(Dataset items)
-------

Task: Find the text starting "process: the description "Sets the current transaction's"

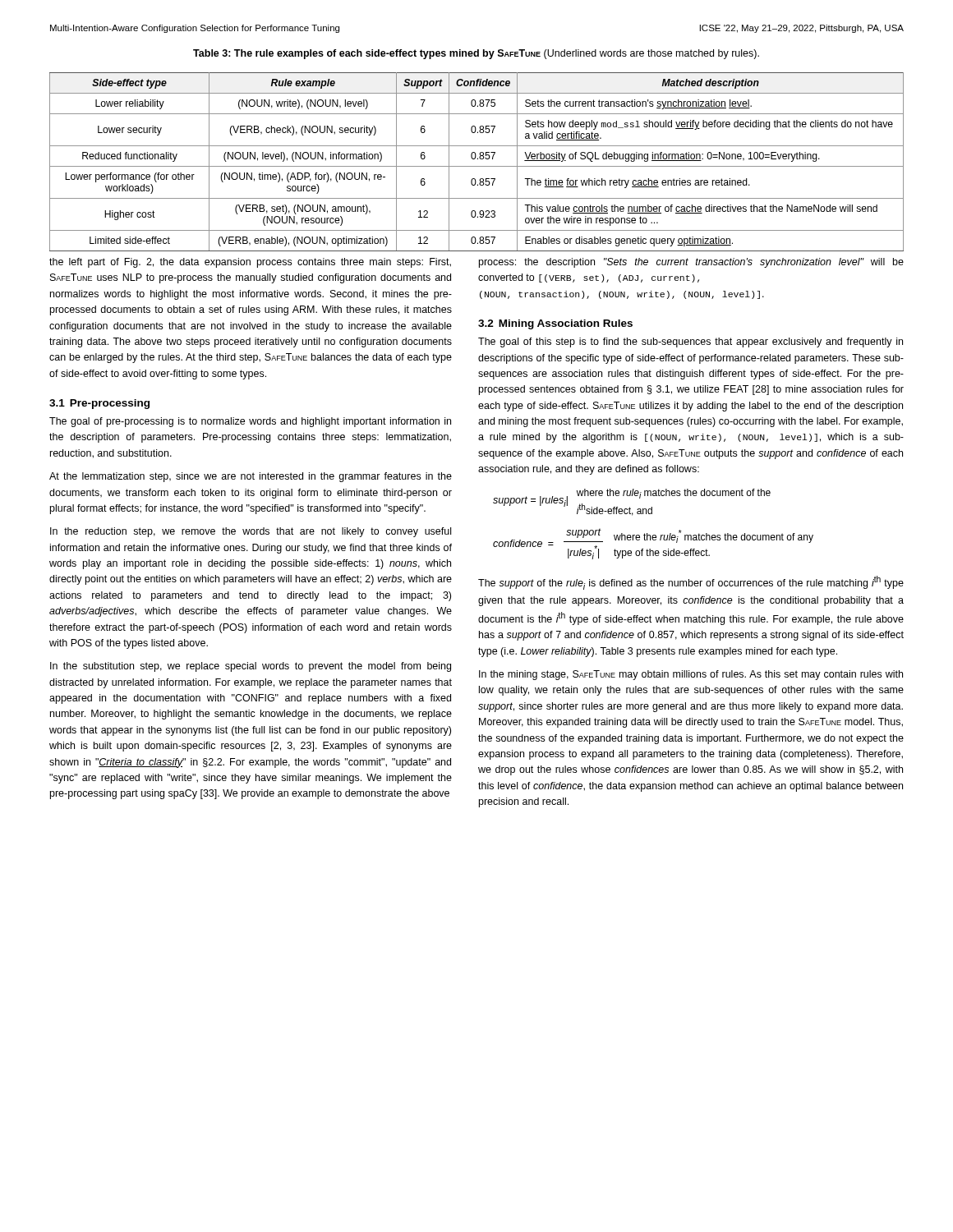Action: coord(691,278)
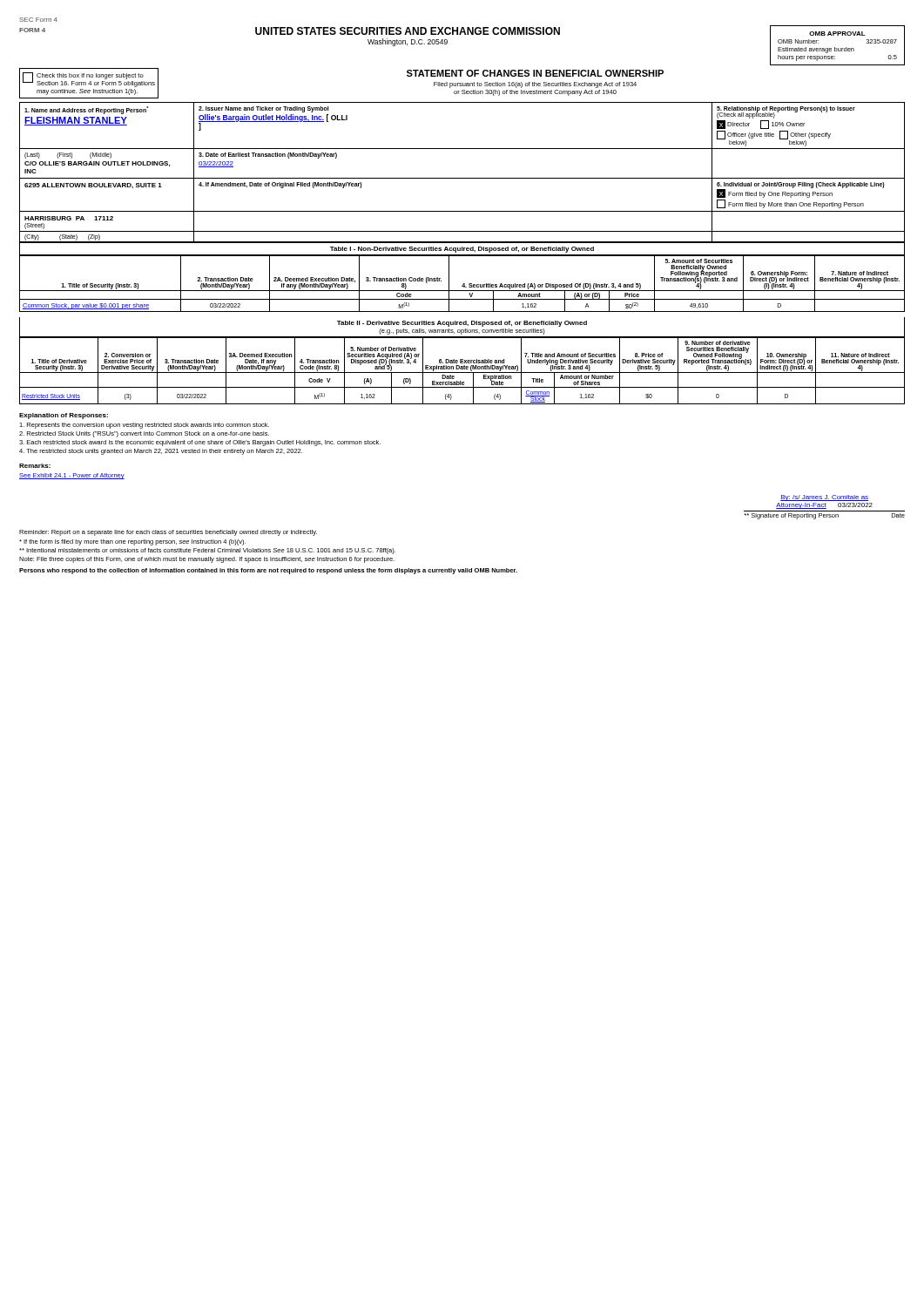Find the text block that reads "Relationship of Reporting Person(s)"
Screen dimensions: 1307x924
786,112

-------

§ WORK ORDER
Because pictures are not wanted, give every entry above again exactly without them.

§ YOUR RESPONSE
Task: Find the text starting "process: the description "Sets the current transaction's"

Action: coord(691,278)
Find the text block that reads "Relationship of Reporting Person(s)"
Screen dimensions: 1307x924
786,112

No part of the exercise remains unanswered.